Records for this task

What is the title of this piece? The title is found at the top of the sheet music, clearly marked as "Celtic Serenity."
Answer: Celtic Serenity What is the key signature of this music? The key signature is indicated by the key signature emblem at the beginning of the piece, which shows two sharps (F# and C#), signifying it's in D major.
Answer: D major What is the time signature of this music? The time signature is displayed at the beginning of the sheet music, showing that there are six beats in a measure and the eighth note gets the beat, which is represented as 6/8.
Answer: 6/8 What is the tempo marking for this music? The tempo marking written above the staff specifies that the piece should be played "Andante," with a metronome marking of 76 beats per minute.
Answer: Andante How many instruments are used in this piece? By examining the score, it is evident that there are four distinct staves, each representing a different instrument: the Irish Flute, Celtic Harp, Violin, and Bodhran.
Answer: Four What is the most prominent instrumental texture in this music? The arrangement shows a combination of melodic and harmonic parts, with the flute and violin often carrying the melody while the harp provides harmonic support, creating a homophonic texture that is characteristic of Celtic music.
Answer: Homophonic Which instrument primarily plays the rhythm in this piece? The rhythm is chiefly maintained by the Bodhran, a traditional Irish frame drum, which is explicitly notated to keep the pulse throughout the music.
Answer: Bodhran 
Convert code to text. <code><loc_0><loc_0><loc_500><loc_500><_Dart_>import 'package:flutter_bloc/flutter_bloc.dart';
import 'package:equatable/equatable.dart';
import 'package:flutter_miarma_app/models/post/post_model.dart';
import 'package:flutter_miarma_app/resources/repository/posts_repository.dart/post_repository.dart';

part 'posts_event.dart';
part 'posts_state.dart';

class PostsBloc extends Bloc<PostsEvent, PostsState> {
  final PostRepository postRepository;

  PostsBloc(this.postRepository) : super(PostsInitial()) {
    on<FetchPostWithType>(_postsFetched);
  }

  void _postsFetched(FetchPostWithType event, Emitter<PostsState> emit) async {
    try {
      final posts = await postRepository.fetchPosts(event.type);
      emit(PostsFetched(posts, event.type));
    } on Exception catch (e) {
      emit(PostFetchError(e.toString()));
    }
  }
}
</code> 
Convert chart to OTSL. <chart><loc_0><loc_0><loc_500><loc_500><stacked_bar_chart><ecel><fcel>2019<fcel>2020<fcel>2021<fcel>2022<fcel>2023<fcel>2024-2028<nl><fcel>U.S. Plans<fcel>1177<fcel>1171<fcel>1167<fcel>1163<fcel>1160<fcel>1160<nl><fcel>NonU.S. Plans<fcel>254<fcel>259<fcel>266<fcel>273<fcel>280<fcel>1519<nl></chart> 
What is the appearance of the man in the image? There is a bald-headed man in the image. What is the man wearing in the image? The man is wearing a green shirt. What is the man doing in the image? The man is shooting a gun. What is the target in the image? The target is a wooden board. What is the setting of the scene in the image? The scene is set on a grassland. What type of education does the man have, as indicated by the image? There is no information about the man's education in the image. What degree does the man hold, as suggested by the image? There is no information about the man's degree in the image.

Work item
The required output is every line above that contains the string "Bodhran".

Exercise answer
Answer: Andante How many instruments are used in this piece? By examining the score, it is evident that there are four distinct staves, each representing a different instrument: the Irish Flute, Celtic Harp, Violin, and Bodhran.
Answer: Homophonic Which instrument primarily plays the rhythm in this piece? The rhythm is chiefly maintained by the Bodhran, a traditional Irish frame drum, which is explicitly notated to keep the pulse throughout the music.
Answer: Bodhran 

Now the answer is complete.